Sachin in a class of his own

One of my great dreams is to possess a picture of four cricketers together, the four legends of Bombay. The first is Polly Umrigar, tall, gangling, hitting a century with quiet competence, retiring with equal quietness. He was paid Rs 25 for a day’s cricket. The second is Dilip Sardesai. Equally competent, equally understated, Sardesai epitomized the middleclass competence of the India of the sixties. He was outstanding, but there are no monuments to him; he would have been surprised if there were.

These men just did their job. They produced heroism without heroics. When you watched them play, you realized the odds they had mastered. They were Indians of another time for whom honesty, national pride, teamwork were the building blocks of everyday imagination. These were virtues one could not live without. There was an as-is-where-is quality to their life and cricket, which made them seem deceptively prosaic, disguising their achievements by making them appear almost dutiful.

They were outstanding individuals and personalities, but there was nothing individualistic about them. They challenged no paradigms, led no trade unions. Their only answer to racism was good manners. They were content to live within and with themselves.
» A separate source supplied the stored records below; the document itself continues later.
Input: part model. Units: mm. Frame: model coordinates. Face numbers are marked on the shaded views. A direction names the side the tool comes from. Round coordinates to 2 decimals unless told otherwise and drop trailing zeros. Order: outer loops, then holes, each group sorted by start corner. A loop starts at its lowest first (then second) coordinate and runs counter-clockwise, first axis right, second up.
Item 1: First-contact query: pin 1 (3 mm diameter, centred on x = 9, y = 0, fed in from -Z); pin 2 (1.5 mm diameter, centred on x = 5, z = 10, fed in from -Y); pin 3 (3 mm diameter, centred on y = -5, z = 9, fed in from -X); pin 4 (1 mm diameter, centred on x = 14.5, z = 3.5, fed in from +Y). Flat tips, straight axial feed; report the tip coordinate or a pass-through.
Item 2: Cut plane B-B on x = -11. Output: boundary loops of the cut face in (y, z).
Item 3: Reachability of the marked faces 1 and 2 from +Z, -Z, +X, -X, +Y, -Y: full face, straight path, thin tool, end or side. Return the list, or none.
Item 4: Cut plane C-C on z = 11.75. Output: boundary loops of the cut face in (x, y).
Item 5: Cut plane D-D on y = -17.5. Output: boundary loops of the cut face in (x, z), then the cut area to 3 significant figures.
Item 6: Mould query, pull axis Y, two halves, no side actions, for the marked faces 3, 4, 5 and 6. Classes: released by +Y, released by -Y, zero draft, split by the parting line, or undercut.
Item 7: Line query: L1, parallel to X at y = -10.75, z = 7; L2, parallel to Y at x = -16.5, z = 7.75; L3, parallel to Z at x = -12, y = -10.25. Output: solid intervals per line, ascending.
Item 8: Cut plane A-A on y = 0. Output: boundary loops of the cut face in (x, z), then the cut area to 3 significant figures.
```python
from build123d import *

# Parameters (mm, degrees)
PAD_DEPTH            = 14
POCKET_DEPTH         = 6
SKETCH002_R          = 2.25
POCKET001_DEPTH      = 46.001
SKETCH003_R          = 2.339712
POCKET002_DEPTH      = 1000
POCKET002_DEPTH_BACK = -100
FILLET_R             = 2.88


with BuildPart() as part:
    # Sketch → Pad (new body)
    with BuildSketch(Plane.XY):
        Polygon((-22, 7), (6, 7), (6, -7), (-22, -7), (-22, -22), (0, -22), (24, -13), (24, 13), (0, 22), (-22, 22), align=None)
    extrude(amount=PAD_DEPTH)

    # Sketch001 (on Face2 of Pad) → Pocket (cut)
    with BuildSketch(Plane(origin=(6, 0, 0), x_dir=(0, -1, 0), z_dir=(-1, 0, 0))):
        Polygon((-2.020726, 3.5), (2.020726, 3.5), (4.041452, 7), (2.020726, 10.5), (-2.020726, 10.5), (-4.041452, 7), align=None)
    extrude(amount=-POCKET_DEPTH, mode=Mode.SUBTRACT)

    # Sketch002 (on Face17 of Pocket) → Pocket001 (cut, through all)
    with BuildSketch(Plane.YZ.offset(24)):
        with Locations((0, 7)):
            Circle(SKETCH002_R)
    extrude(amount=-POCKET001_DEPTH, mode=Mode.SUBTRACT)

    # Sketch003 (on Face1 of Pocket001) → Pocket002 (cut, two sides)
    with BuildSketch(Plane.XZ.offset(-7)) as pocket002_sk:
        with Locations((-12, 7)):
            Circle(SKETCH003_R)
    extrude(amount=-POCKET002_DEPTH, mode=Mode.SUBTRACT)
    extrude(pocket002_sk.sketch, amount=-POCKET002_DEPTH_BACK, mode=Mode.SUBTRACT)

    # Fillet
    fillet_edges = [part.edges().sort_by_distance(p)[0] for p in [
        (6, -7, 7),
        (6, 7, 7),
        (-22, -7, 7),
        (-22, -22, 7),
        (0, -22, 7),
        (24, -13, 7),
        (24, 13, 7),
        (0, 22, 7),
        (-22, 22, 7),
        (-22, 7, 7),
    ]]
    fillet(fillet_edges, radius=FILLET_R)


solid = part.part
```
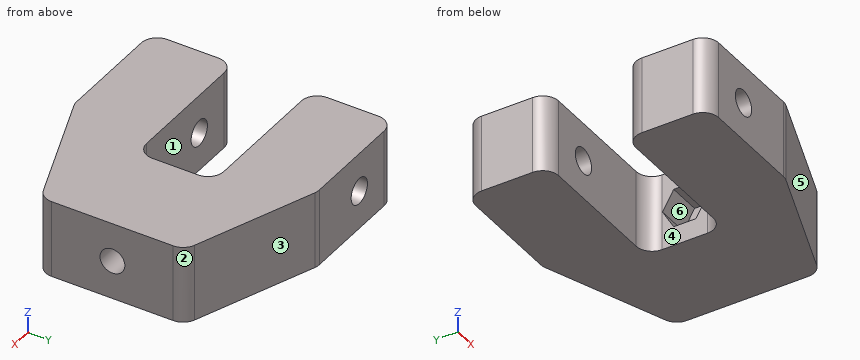
From the geometry:
1. pin 1: stops at z = 0
1. pin 2: stops at y = -20.41
1. pin 3: stops at x = 4.74
1. pin 4: stops at y = 16.75
2. outline: (-22, 0) - (-7, 0) - (-7, 4.88) - (-22, 4.88) - close; (-22, 9.12) - (-7, 9.12) - (-7, 14) - (-22, 14) - close; (7, 0) - (22, 0) - (22, 4.88) - (7, 4.88) - close; (7, 9.12) - (22, 9.12) - (22, 14) - (7, 14) - close
3. face 1: +Z, -Z, -X
3. face 2: +Z, -Z, +X, +Y
4. outline: (-22, -19.12) arc R2.88 ccw to (-19.12, -22) - (-0.52, -22) arc R2.88 ccw to (0.49, -21.82) - (22.13, -13.7) arc R2.88 ccw to (24, -11) - (24, 11) arc R2.88 ccw to (22.13, 13.7) - (0.49, 21.82) arc R2.88 ccw to (-0.52, 22) - (-19.12, 22) arc R2.88 ccw to (-22, 19.12) - (-22, 9.88) arc R2.88 ccw to (-19.12, 7) - (3.12, 7) arc R2.88 cw to (6, 4.12) - (6, -4.12) arc R2.88 cw to (3.12, -7) - (-19.12, -7) arc R2.88 ccw to (-22, -9.88) - close
5. outline: (-22, 0) - (12, 0) - (12, 14) - (-22, 14) - close; hole circle Ø4.68 at (-12, 7)
5. area: 459 mm2
6. face 3: released by +Y
6. face 4: undercut
6. face 5: released by -Y
6. face 6: undercut
7. L1: x = -22 to -14.34, -9.66 to 24
7. L2: y = -22 to -7, 7 to 22
7. L3: z = 0 to 4.66, 9.34 to 14
8. outline: (6, 0) - (24, 0) - (24, 4.75) - (12, 4.75) - (12, 3.5) - (6, 3.5) - close; (6, 10.5) - (12, 10.5) - (12, 9.25) - (24, 9.25) - (24, 14) - (6, 14) - close
8. area: 156 mm2

The third figure is different. He is larger than life. To competence, he adds defiance. A legend in his lifetime, Sunil Gavaskar demands more for he created more. Gavaskar created a collective mindset. He demanded a different form of respect. He looked the white man in the eye, could stand alongside a Viv Richards or a Garfield Sobers with assurance. He oozed professionalism, and an impersonal competence that demanded more in recognition. There was a toughness about Gavaskar (and Bedi) which was pathbreaking.

They used their competence in sport to demand a wider dignity. They were great players who demanded more from sport, and demanded more for sport. There was nothing understated about either. Their competence broke through colonial obsequiousness. Indians began getting used to victory. There was a touch of Bombay about each of them, and an urbanity, a middle class that captured the Bombay of each period. Gavaskar represented a middle class-ness ready to take on the world. He exemplified an attitude that defied the nonsense of authority. There was something industrial about him.
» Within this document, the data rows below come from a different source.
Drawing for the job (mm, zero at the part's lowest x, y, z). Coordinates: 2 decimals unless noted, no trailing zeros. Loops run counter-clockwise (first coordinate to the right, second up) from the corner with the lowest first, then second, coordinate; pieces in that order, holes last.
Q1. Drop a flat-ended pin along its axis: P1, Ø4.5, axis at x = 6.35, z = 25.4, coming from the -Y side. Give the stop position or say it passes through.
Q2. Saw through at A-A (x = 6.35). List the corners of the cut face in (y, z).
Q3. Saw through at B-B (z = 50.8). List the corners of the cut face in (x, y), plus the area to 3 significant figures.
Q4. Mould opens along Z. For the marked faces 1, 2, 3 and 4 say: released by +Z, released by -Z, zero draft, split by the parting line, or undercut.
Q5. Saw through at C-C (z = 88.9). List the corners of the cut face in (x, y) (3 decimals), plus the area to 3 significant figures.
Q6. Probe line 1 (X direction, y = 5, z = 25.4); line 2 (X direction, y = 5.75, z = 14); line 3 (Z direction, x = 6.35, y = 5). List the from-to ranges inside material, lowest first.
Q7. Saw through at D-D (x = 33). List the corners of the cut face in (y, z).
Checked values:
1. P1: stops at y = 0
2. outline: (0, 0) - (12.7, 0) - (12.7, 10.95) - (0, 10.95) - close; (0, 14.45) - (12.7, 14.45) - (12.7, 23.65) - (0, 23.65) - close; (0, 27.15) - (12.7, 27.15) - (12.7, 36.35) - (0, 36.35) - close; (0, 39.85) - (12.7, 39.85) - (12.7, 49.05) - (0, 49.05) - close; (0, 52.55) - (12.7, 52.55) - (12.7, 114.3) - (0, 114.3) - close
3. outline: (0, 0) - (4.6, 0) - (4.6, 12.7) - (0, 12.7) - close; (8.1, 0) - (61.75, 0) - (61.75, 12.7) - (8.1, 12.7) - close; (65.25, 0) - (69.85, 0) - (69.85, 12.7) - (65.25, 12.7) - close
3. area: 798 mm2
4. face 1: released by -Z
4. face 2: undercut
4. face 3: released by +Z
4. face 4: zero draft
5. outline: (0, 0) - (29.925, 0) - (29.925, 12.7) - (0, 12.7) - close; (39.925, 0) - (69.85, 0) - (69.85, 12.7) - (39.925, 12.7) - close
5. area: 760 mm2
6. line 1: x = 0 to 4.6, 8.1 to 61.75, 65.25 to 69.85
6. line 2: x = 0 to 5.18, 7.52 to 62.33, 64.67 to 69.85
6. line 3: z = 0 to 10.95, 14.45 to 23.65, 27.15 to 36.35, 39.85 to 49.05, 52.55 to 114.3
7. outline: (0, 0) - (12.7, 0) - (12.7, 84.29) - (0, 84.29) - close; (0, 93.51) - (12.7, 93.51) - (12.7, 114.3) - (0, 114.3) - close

He rewrote record books to show India had arrived, that the team was no longer invertebrate, that the tenor had changed. The language was no longer of survival; it now spoke a dialect of victory. Gavaskar was exemplar and paradigm of a new Indian cricket where we were no longer also-rans . You don’t write Calypso songs for the defeated.
In a predictable way, Umrigar, Sardesai, Gavaskar created the cultural humus for a Sachin. They were a prelude to his genius, the the ancestors of his competence bred on middleclass values, the ritual protocols of urban life which sought dominance through professionalism. I began with this long-winded sociology of cricket personae, because I want to see cricket as a metaphor and look at Sachin Tendulkar in a wider sense. Genius for all its individualism reeks of sociology. Cricket is one game that belongs to the oral imagination and commentary for cricket is as important as hermeneutics for the Bible. Retelling is reliving, and both religion and cricket have that in common.
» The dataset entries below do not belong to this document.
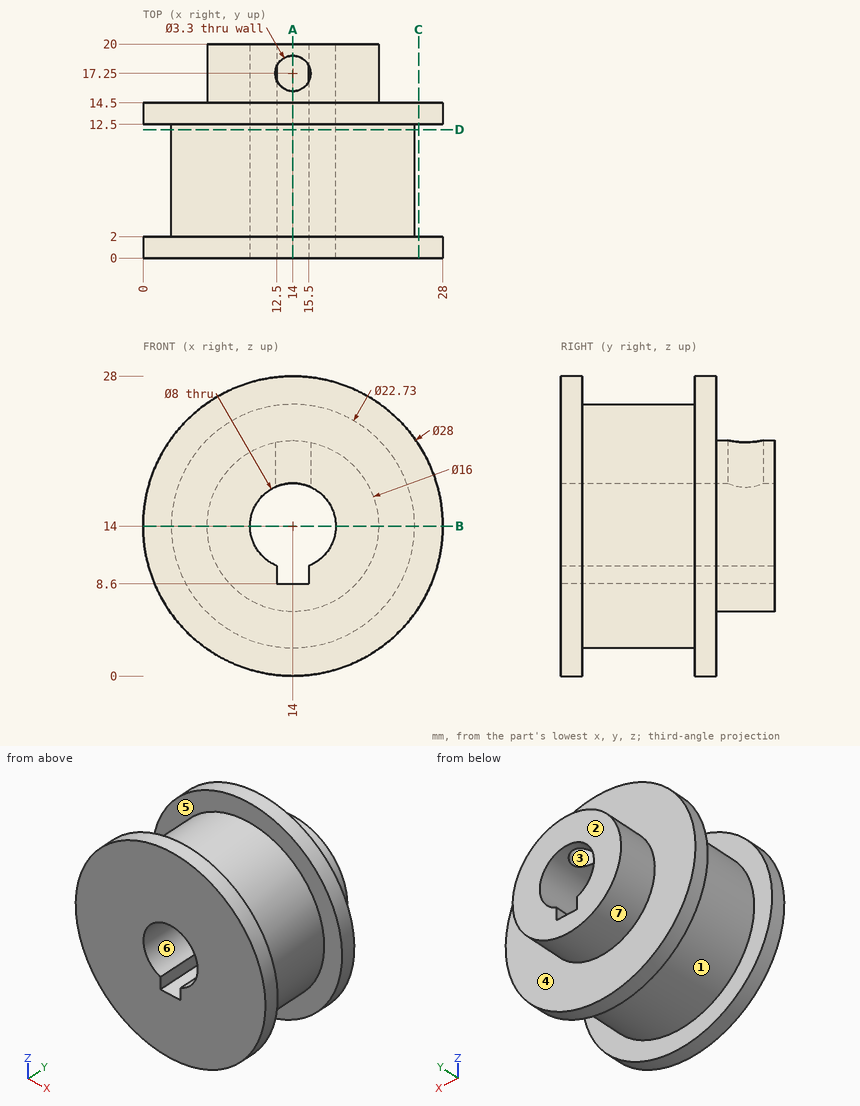
Check sheet for the drawn part. Datum: minimum x, y, z corner. Units: mm. A direction names the side the tool comes from. Round coordinates to 2 decimals unless told otherwise and drop trailing zeros. Order: outer loops, then holes, each group sorted by start corner. A loop starts at its lowest first (then second) coordinate and runs counter-clockwise, first axis right, second up.
1) Section check B-B (z = 14). Record the boundary of the cut face in (x, y) (3 decimals).
2) Tool access check on the marked faces 1, 2, 3 and 4. Record the directions out of +Z, -Z, +X, -X, +Y, -Y that give a thin tool (end or side, any length) a straight path to the whole face; none if there is none.
3) Section check C-C (x = 25.75). Record the boundary of the cut face in (y, z), and give its area (3 significant figures).
4) Scan lines: line 1 (Y direction, x = 2.5, z = 17.75); line 2 (Y direction, x = 14, z = 20.7); line 3 (X direction, y = 12.25, z = 14) (3 decimals). Record each from-to range of solid material in increasing order.
5) Mould release check, pull along X, two halves, no side actions. Record for the marked faces 5, 6 and 7: +X half, -X half, draft (parallel to the pull), parting line (faces both ways), or undercut.
6) Go/stop test with flat-tipped pins: pin 1 Ø5 at (x, y) = (19.5, 8) entering from +Z; pin 2 Ø4 at (x, y) = (15, 2.5) entering from -Z; pin 3 Ø3 at (x, y) = (14, 5) entering from -Z (3 decimals); pin 4 Ø2.5 at (x, y) = (14.5, 9.5) entering from +Z (3 decimals). Record where each tip stops, or that it passes through.
7) Section check A-A (x = 14). Record the boundary of the cut face in (y, z) (3 decimals).
8) Section check D-D (y = 12). Record the boundary of the cut face in (x, z) (3 decimals), and give its area (3 significant figures).
Result:
1. outline: (0, 0) - (10, 0) - (10, 20) - (6, 20) - (6, 14.5) - (0, 14.5) - (0, 12.5) - (2.635, 12.5) - (2.635, 2) - (0, 2) - close; (18, 0) - (28, 0) - (28, 2) - (25.365, 2) - (25.365, 12.5) - (28, 12.5) - (28, 14.5) - (22, 14.5) - (22, 20) - (18, 20) - close
2. face 1: none
2. face 2: +Z, -Z, +X, -X, +Y
2. face 3: +Z
2. face 4: +Y
3. outline: (0, 6.39) - (2, 6.39) - (2, 21.61) - (0, 21.61) - close; (12.5, 6.39) - (14.5, 6.39) - (14.5, 21.61) - (12.5, 21.61) - close
3. area: 60.9 mm2
4. line 1: y = 0 to 2, 12.5 to 14.5
4. line 2: y = 0 to 15.6, 18.9 to 20
4. line 3: x = 2.635 to 10, 18 to 25.365
5. face 5: draft
5. face 6: undercut
5. face 7: parting line
6. pin 1: stops at z = 24.96
6. pin 2: stops at z = 0
6. pin 3: stops at z = 2.635
6. pin 4: stops at z = 25.365
7. outline: (0, 0) - (2, 0) - (2, 2.635) - (12.5, 2.635) - (12.5, 0) - (14.5, 0) - (14.5, 6) - (20, 6) - (20, 8.6) - (0, 8.6) - close; (0, 18) - (15.6, 18) - (15.6, 22) - (14.5, 22) - (14.5, 28) - (12.5, 28) - (12.5, 25.365) - (2, 25.365) - (2, 28) - (0, 28) - close; (18.9, 18) - (20, 18) - (20, 22) - (18.9, 22) - close
8. outline: circle Ø22.73 at (14, 14); hole (12.5, 8.6) - (15.5, 8.6) - (15.5, 10.292) arc R4 ccw (long way) to (12.5, 10.292) - close
8. area: 351 mm2
Part model, mm, in its own coordinate system. A direction names the side the tool comes from. Give positions to 0.01 mm unless a question says otherwise; leave off trailing zeros. Order: outer loops, then holes, each group sorted by start corner. A loop starts at its lowest first (then second) coordinate and runs counter-clockwise, first axis right, second up.
1. Which spindle directions (+Z, -Z, +X, -X, +Y, -Y) get a long thin tool onto all of the face, cutting with end or side? Do faces 1 (the cylindrical face through (40.25, -12.68, 58.66)), 2 (the flat face through (0, 43.8, 29)), 3 (the flat face through (-6, 68.4, 2)), 4 (the flat face through (29, 0, -34)), 5 (the flat face through (25, -25, -42)). Say none if no direction does.
2. Slice it at C-C on x = -62.5. List the corners of the cut face in (y, z).
3. Slice it at B-B on z = 6.5. Give the number of separate pieces and of enclosed holes in the cut face, and give its area (3 significant figures).
4. Drop flat-ended pins along their axis: pin 1 Ø5 at (x, z) = (0, 70) entering from +Y; pin 2 Ø17 at (x, y) = (0, -62.5) entering from -Z; pin 3 Ø6 at (y, z) = (2.5, 3.5) entering from +X; pin 4 Ø12.5 at (x, z) = (-6, 24) entering from +Y. Give the stop position or say it passes through.
5. Probe line 1 (Y direction, x = 0, z = 63); line 2 (X direction, y = 57.5, z = 15); line 3 (Z direction, x = 52, y = -38.5). List the from-to ranges inside material, lowest first.
6. Mould opens along Y. For faces 6 (the cylindrical face through (-35.525, 32.576, 47.176)), 7 (the flat face through (33.24, -34.35, 0)), 8 (the cylindrical face through (57.003, -26.739, 21.294)) say: +Y half, -Y half, draft (parallel to the pull), parting line (faces both ways), or undercut.
7. Slice it at A-A on y = -54.5. List the corners of the cut face in (x, z).
from build123d import *

# Parameters (mm, degrees)
SZKIC1_R                        = 72.5
DODANIE_WYCI_GNI_CIE1_DEPTH     = 42
SZKIC2_R                        = 48.2
DODANIE_WYCI_GNI_CIE2_DEPTH     = 33
SZKIC4_R                        = 28.6
WYTNIJ_WYCI_GNI_CIE1_DEPTH      = 156.568312969
SZKIC5_R                        = 35
WYTNIJ_WYCI_GNI_CIE2_DEPTH      = 8
SZKIC6_W                        = 12.5
SZKIC6_H                        = 6
ZAOKR_GLENIE1_R                 = 5
SZKIC7_R                        = 5.35
WYTNIJ_WYCI_GNI_CIE3_DEPTH      = 133.546218354
SZYK_KO_OWY1_COUNT              = 12
SFAZOWANIE1_SIZE                = 2
WYTNIJ_WYCI_GNI_CIE4_DEPTH      = 40
WYTNIJ_WYCI_GNI_CIE4_DEPTH_BACK = 1.6
SZKIC8_W                        = 51
SZKIC8_H                        = 59.587656766
SZKIC9_R                        = 19
WYTNIJ_WYCI_GNI_CIE5_DEPTH      = 1.6
SZKIC14_R                       = 5.35
DODANIE_WYCI_GNI_CIE4_DEPTH     = 42
SZKIC15_R                       = 12.4
WYTNIJ_WYCI_GNI_CIE6_DEPTH      = 23
WYTNIJ_WYCI_GNI_CIE7_START      = 23
SZKIC16_R                       = 19
WYTNIJ_WYCI_GNI_CIE7_DEPTH      = 23
SZKIC17_R                       = 7.5
WYTNIJ_WYCI_GNI_CIE8_DEPTH      = 23
WYTNIJ_WYCI_GNI_CIE9_REACH      = 157.568
WYTNIJ_WYCI_GNI_CIE9_END_RADIUS = 7.5
SZKIC18_R                       = 3
SFAZOWANIE2_SIZE                = 1
WYTNIJ_WYCI_GNI_CIE10_START     = 40
SZKIC19_R                       = 2
WYTNIJ_WYCI_GNI_CIE10_DEPTH     = 88.033460159


with BuildPart() as part:
    # Szkic1 → Dodanie-wyciągnięcie1 (new body)
    with BuildSketch(Plane.XY):
        with Locations(Location((0, 0, 0), (0, 0, 180))):
            Circle(SZKIC1_R)
    extrude(amount=DODANIE_WYCI_GNI_CIE1_DEPTH)

    # Szkic2 → Dodanie-wyciągnięcie2 (add)
    with BuildSketch(Plane.XY.offset(42)):
        Circle(SZKIC2_R)
    extrude(amount=DODANIE_WYCI_GNI_CIE2_DEPTH)

    # Szkic3 → Obrót1 (revolve)
    with BuildSketch(Plane(origin=(0, 0, 0), x_dir=(0, 0, -1), z_dir=(1, 0, 0)), mode=Mode.PRIVATE) as obr_t1_sk:
        Polygon((0, 47.6), (42, 41.5), (42, 28.6), (0, 28.6), align=None)
    revolve(obr_t1_sk.sketch.rotate(Axis((0, 0, 0), (0, 0, -1)), 90), axis=Axis((0, 0, 0), (0, 0, -1)))

    # Szkic4 → Wytnij-wyciągnięcie1 (cut, through all)
    with BuildSketch(Plane.XY.offset(75)):
        Circle(SZKIC4_R)
    extrude(amount=-WYTNIJ_WYCI_GNI_CIE1_DEPTH, mode=Mode.SUBTRACT)

    # Szkic5 → Wytnij-wyciągnięcie2 (cut)
    with BuildSketch(Plane(origin=(0, 0, -42), x_dir=(-1, 0, 0), z_dir=(0, 0, -1))):
        Circle(SZKIC5_R)
    extrude(amount=-WYTNIJ_WYCI_GNI_CIE2_DEPTH, mode=Mode.SUBTRACT)

    # Szkic6 → Wycięcie-obrót1 (revolve, cut)
    with BuildSketch(Plane(origin=(0, 0, 0), x_dir=(0, 0, -1), z_dir=(1, 0, 0)), mode=Mode.PRIVATE) as wyci_cie_obr_t1_sk:
        with Locations((-58.75, 45.2)):
            Rectangle(SZKIC6_W, SZKIC6_H)
    revolve(wyci_cie_obr_t1_sk.sketch.rotate(Axis((0, 0, 78.98361655), (0, 0, -1)), 90), axis=Axis((0, 0, 78.98361655), (0, 0, -1)), mode=Mode.SUBTRACT)

    # Zaokrąglenie1
    zaokr_glenie1_edges = [part.edges().sort_by_distance(p)[0] for p in [
        (-41.5, 0, -42),
    ]]
    fillet(zaokr_glenie1_edges, radius=ZAOKR_GLENIE1_R)

    # Szkic7 → Wytnij-wyciągnięcie3 (cut, through all)
    with BuildSketch(Plane.XY.offset(42)):
        with Locations((0, 62.5)):
            Circle(SZKIC7_R)
    wytnij_wyci_gni_cie3 = extrude(amount=-WYTNIJ_WYCI_GNI_CIE3_DEPTH, mode=Mode.SUBTRACT)

    # Szyk kołowy1: Wytnij-wyciągnięcie3 ×12 about axis
    szyk_ko_owy1_axis = Axis((0, 0, 0), (0, 0, 1))
    for i in range(1, SZYK_KO_OWY1_COUNT):
        add(wytnij_wyci_gni_cie3.rotate(szyk_ko_owy1_axis, i * 360 / SZYK_KO_OWY1_COUNT), mode=Mode.SUBTRACT)

    # Sfazowanie1
    sfazowanie1_edges = [part.edges().sort_by_distance(p)[0] for p in [
        (-28.6, 0, 75),
    ]]
    chamfer(sfazowanie1_edges, length=SFAZOWANIE1_SIZE)

    # Szkic8 → Wytnij-wyciągnięcie4 (cut, two sides: drawn at the far end of the back side and taken through both)
    with BuildSketch(Plane(origin=(0, 70, 0), x_dir=(1, 0, 0), z_dir=(0, 1, 0)).offset(-WYTNIJ_WYCI_GNI_CIE4_DEPTH_BACK)):
        with Locations((0, -20.8972819)):
            Rectangle(SZKIC8_W, SZKIC8_H)
    extrude(amount=WYTNIJ_WYCI_GNI_CIE4_DEPTH + WYTNIJ_WYCI_GNI_CIE4_DEPTH_BACK, mode=Mode.SUBTRACT)

    # Szkic9 → Wytnij-wyciągnięcie5 (cut)
    with BuildSketch(Plane(origin=(0, 68.4, 0), x_dir=(1, 0, 0), z_dir=(0, 1, 0))):
        with Locations(Location((0.027670653, -21, 0), (0, 0, 270))):
            Circle(SZKIC9_R)
    extrude(amount=-WYTNIJ_WYCI_GNI_CIE5_DEPTH, mode=Mode.SUBTRACT)

    # Szkic14 → Dodanie-wyciągnięcie4 (add)
    with BuildSketch(Plane.XY.offset(42)):
        with Locations((0, 62.5)):
            Circle(SZKIC14_R)
    extrude(amount=-DODANIE_WYCI_GNI_CIE4_DEPTH)

    # Szkic15 → Wytnij-wyciągnięcie6 (cut)
    with BuildSketch(Plane(origin=(0, 66.8, 0), x_dir=(1, 0, 0), z_dir=(0, 1, 0))):
        with Locations(Location((0.027670653, -21, 0), (0, 0, 270))):
            Circle(SZKIC15_R)
    extrude(amount=-WYTNIJ_WYCI_GNI_CIE6_DEPTH, mode=Mode.SUBTRACT)

    # Szkic16 → Wytnij-wyciągnięcie7 (cut)
    with BuildSketch(Plane(origin=(0, 66.8, 0), x_dir=(1, 0, 0), z_dir=(0, 1, 0)).offset(WYTNIJ_WYCI_GNI_CIE7_START)):
        with Locations(Location((0.027670653, -21, 0), (0, 0, 270))):
            Circle(SZKIC16_R)
    extrude(amount=-WYTNIJ_WYCI_GNI_CIE7_DEPTH, mode=Mode.SUBTRACT)

    # Szkic17 → Wytnij-wyciągnięcie8 (cut)
    with BuildSketch(Plane(origin=(0, 43.8, 0), x_dir=(1, 0, 0), z_dir=(0, 1, 0))):
        with Locations(Location((0.027670653, -21, 0), (0, 0, 270))):
            Circle(SZKIC17_R)
    extrude(amount=-WYTNIJ_WYCI_GNI_CIE8_DEPTH, mode=Mode.SUBTRACT)

    # Wytnij-wyciągnięcie9: up to this cylinder (the profile starts outside it)
    wytnij_wyci_gni_cie9_end = Plane(origin=(0.027670653, 39, 21), z_dir=(0, 1, 0)) * Cylinder(WYTNIJ_WYCI_GNI_CIE9_END_RADIUS, 331.136, mode=Mode.PRIVATE)
    # Szkic18 → Wytnij-wyciągnięcie9 (cut, up to the surface)
    with BuildSketch(Plane.XY.offset(75), mode=Mode.PRIVATE) as wytnij_wyci_gni_cie9_sk1:
        with Locations((0, 39)):
            Circle(SZKIC18_R)
    wytnij_wyci_gni_cie9_tool1 = extrude(wytnij_wyci_gni_cie9_sk1.sketch, amount=-WYTNIJ_WYCI_GNI_CIE9_REACH, mode=Mode.PRIVATE) - wytnij_wyci_gni_cie9_end
    add(wytnij_wyci_gni_cie9_tool1.solids().sort_by_distance((0, 39, 75))[0], mode=Mode.SUBTRACT)

    # Sfazowanie2
    sfazowanie2_edges = [part.edges().sort_by_distance(p)[0] for p in [
        (-3, 39, 75),
    ]]
    chamfer(sfazowanie2_edges, length=SFAZOWANIE2_SIZE)

    # Szkic19 → Wytnij-wyciągnięcie10 (cut, through all)
    with BuildSketch(Plane(origin=(0, 0, 0), x_dir=(1, 0, 0), z_dir=(0, 1, 0)).offset(WYTNIJ_WYCI_GNI_CIE10_START)):
        with Locations(Location((0, -70, 0), (0, 0, 90))):
            Circle(SZKIC19_R)
    extrude(amount=WYTNIJ_WYCI_GNI_CIE10_DEPTH, mode=Mode.SUBTRACT)


solid = part.part
Data:
1. face 1: none
1. face 2: +Y
1. face 3: +Z, -Z, +X, -X, +Y
1. face 4: -Z
1. face 5: -Z, +X, -X, +Y, -Y
2. outline: (-36.74, 0) - (-5.35, 0) - (-5.35, 42) - (-36.74, 42) - close; (5.35, 0) - (36.74, 0) - (36.74, 42) - (5.35, 42) - close
3. separate pieces: 1
3. enclosed holes: 12
3. area: 12,800 mm2
4. pin 1: stops at y = 48.2
4. pin 2: stops at z = 0
4. pin 3: stops at x = 72.5
4. pin 4: stops at y = 66.8
5. line 1: y = -42.2 to -28.6, 28.6 to 36, 42 to 42.2
5. line 2: x = -44.16 to -35.4, -27.1 to -10.82, 10.88 to 27.1, 35.4 to 44.16
5. line 3: z = 0 to 42
6. face 6: parting line
6. face 7: draft
6. face 8: undercut
7. outline: (-47.81, 0) - (-36.59, 0) - (-36.59, 42) - (-47.81, 42) - close; (-25.91, 0) - (25.91, 0) - (25.91, 42) - (-25.91, 42) - close; (36.59, 0) - (47.81, 0) - (47.81, 42) - (36.59, 42) - close

School and street are an integral part of the urban imagination. They are models of life and frameworks of mobility. Here, exam and game create two parallel worlds. The legend of Sachin begins in the playing fields of Shivaji Park. There is a Drona of the cricket field, Ramakant Achrekar. There are no Ekalavyas on the scene. But there is a Kambli.
Vinod Kambli is important not just for his talent but for his zest for life. Kambli is talent that refuses to discipline itself. He is the exuberance of the street that refuses to yield to the school. Kambli is desire without discipline. He is the exuberance of the here and now that the middle class envies and despises. Kambli is the shortlived Sachin; the cameo of exuberance unlimited. Sachin and Kambli are a middle class fable that needs more attention. Kambli treats cricket as a site for desire, for the shortlived joy of politics, of cinema, of TV.
He is the middle class boy who lacks a centre. Intensely appealing, he is the other, the friend who humanizes Sachin, creates other rhythms which would otherwise render Sachin as a metronome. Kambli and Sachin are foils from school. Kambli is the other who burns out, because he burns too fast. He is the Sivakasi cracker to Sachin’s blowtorch. He is the partnership that went wrong between exuberant talent and focused genius. Kambli is the child who forgot to drink Boost, who did not have Aviva insurance, who forgot school creates a timetable for life, who happily jumped on an escalator of life without realizing that it was speeding down.

Kambli is the noise of part-success facing the silence of success; he is the friend who remains though he got left behind. But he is still Kambli, the only hyphen in the Sachin legend. The fable of Shivaji Park would be incomplete without Kambli; the shade of regret in a saga of success. The middle-class history of Shivaji Park is less ruthless. It has a place for him too.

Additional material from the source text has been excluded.